__Exercise prompt__. Lines from the start of the data through the line containing "lamp head (515,186,630,275)" must be given again exactly. Leave the others out.

__Exercise input__.
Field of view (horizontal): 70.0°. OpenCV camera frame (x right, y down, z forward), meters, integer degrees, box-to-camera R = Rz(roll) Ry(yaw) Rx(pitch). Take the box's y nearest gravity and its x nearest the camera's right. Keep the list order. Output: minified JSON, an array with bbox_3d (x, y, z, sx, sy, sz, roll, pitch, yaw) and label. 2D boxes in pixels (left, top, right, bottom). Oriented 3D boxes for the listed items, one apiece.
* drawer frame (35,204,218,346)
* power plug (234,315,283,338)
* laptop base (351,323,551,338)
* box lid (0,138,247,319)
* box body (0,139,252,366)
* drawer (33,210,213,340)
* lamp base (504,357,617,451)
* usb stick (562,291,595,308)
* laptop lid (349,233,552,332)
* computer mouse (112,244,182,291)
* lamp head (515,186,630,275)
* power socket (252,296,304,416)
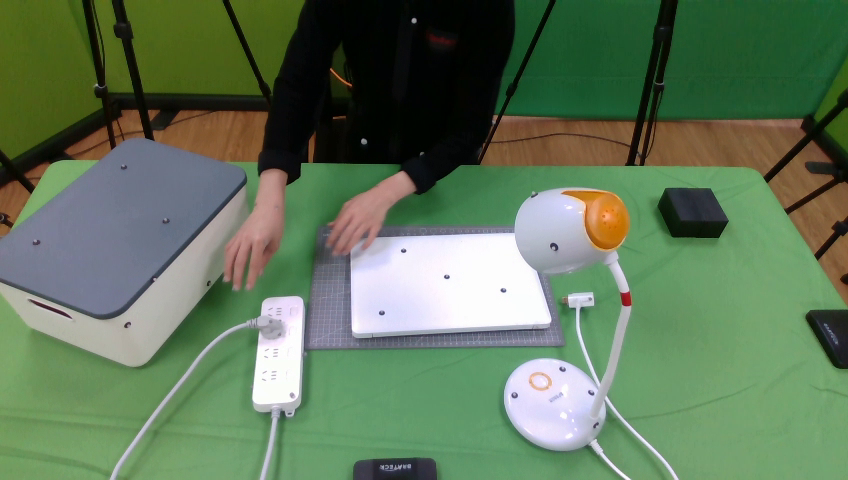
[{"bbox_3d":[-0.505,0.054,1.052,0.201,0.083,0.212,14,52,12],"label":"drawer frame"},{"bbox_3d":[-0.270,0.143,1.000,0.072,0.053,0.035,5,47,2],"label":"power plug"},{"bbox_3d":[0.040,0.080,1.125,0.355,0.023,0.234,-2,43,-6],"label":"laptop base"},{"bbox_3d":[-0.494,-0.037,0.994,0.263,0.015,0.370,17,46,12],"label":"box lid"},{"bbox_3d":[-0.496,0.013,1.048,0.254,0.161,0.362,17,47,12],"label":"box body"},{"bbox_3d":[-0.509,0.054,1.046,0.194,0.073,0.211,15,43,11],"label":"drawer"},{"bbox_3d":[0.220,0.211,0.903,0.160,0.181,0.178,-32,59,-30],"label":"lamp base"},{"bbox_3d":[0.280,0.109,1.104,0.059,0.021,0.027,-6,13,23],"label":"usb stick"},{"bbox_3d":[0.040,0.070,1.119,0.357,0.013,0.240,-1,44,-5],"label":"laptop lid"},{"bbox_3d":[-0.493,0.046,1.078,0.117,0.041,0.062,24,41,13],"label":"computer mouse"},{"bbox_3d":[0.188,-0.013,0.728,0.112,0.112,0.122,-25,9,-25],"label":"lamp head"},{"bbox_3d":[-0.238,0.181,0.997,0.072,0.033,0.225,-3,47,-5],"label":"power socket"}]
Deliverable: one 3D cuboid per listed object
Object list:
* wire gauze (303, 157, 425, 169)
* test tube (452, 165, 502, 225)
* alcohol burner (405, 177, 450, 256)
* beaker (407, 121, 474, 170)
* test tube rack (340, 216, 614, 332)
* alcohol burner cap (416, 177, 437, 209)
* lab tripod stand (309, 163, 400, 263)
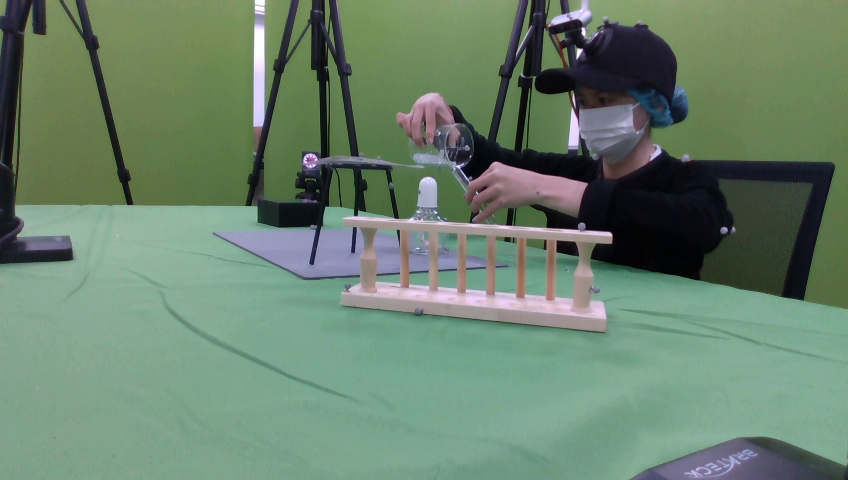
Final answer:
[{"bbox_3d":[-0.082,-0.102,0.799,0.126,0.011,0.121,-1,7,-30],"label":"wire gauze"},{"bbox_3d":[0.086,-0.069,0.986,0.017,0.017,0.149,-3,48,-37],"label":"test tube"},{"bbox_3d":[0.004,-0.036,0.917,0.078,0.119,0.078,4,6,0],"label":"alcohol burner"},{"bbox_3d":[0.026,-0.165,1.057,0.100,0.084,0.074,10,-3,44],"label":"beaker"},{"bbox_3d":[0.048,0.026,0.568,0.242,0.085,0.067,4,8,13],"label":"test tube rack"},{"bbox_3d":[0.005,-0.072,0.914,0.034,0.048,0.034,4,10,0],"label":"alcohol burner cap"},{"bbox_3d":[-0.091,-0.037,0.813,0.148,0.131,0.148,1,6,0],"label":"lab tripod stand"}]
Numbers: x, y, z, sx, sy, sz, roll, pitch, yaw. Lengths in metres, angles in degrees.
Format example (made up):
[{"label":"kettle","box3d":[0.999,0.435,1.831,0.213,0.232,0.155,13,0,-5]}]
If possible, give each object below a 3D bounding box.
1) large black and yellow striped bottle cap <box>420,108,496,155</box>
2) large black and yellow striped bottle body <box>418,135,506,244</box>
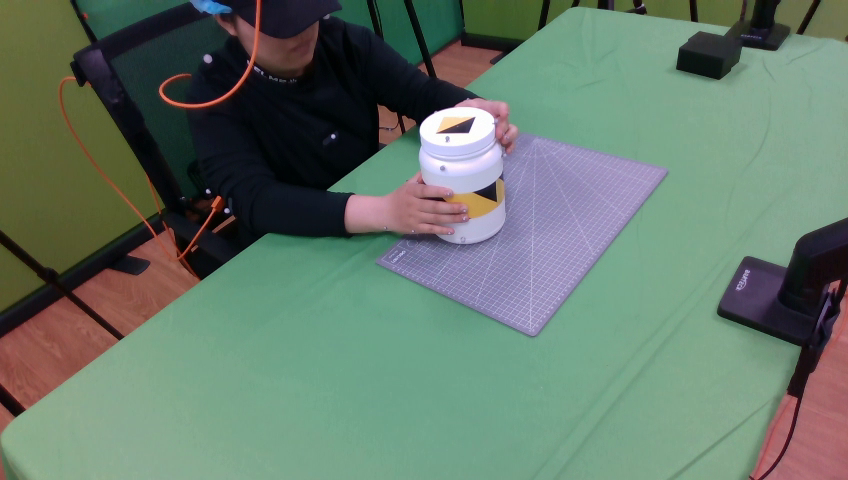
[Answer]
[{"label":"large black and yellow striped bottle cap","box3d":[0.050,-0.164,0.905,0.115,0.019,0.114,-5,38,5]},{"label":"large black and yellow striped bottle body","box3d":[0.062,-0.100,0.959,0.131,0.185,0.130,-5,40,5]}]

__Result of this task__.
Field of view (horizontal): 70.0°. OpenCV camera frame (x right, y down, z forward), meters, integer degrees, box-to-camera R = Rz(roll) Ry(yaw) Rx(pitch). Take the box's y nearest gravity and its x nearest the camera's right. Keep the list order. Output: minified JSON, an array with bbox_3d (x, y, z, sx, sy, sz, roll, pitch, yaw) and label. 2D boxes in pixels (left, top, right, bottom). Oriented 3D boxes for the listed items, one apiece.
* drawer frame (35,204,218,346)
* power plug (234,315,283,338)
* laptop base (351,323,551,338)
* box lid (0,138,247,319)
* box body (0,139,252,366)
* drawer (33,210,213,340)
* lamp base (504,357,617,451)
* usb stick (562,291,595,308)
* laptop lid (349,233,552,332)
* computer mouse (112,244,182,291)
* lamp head (515,186,630,275)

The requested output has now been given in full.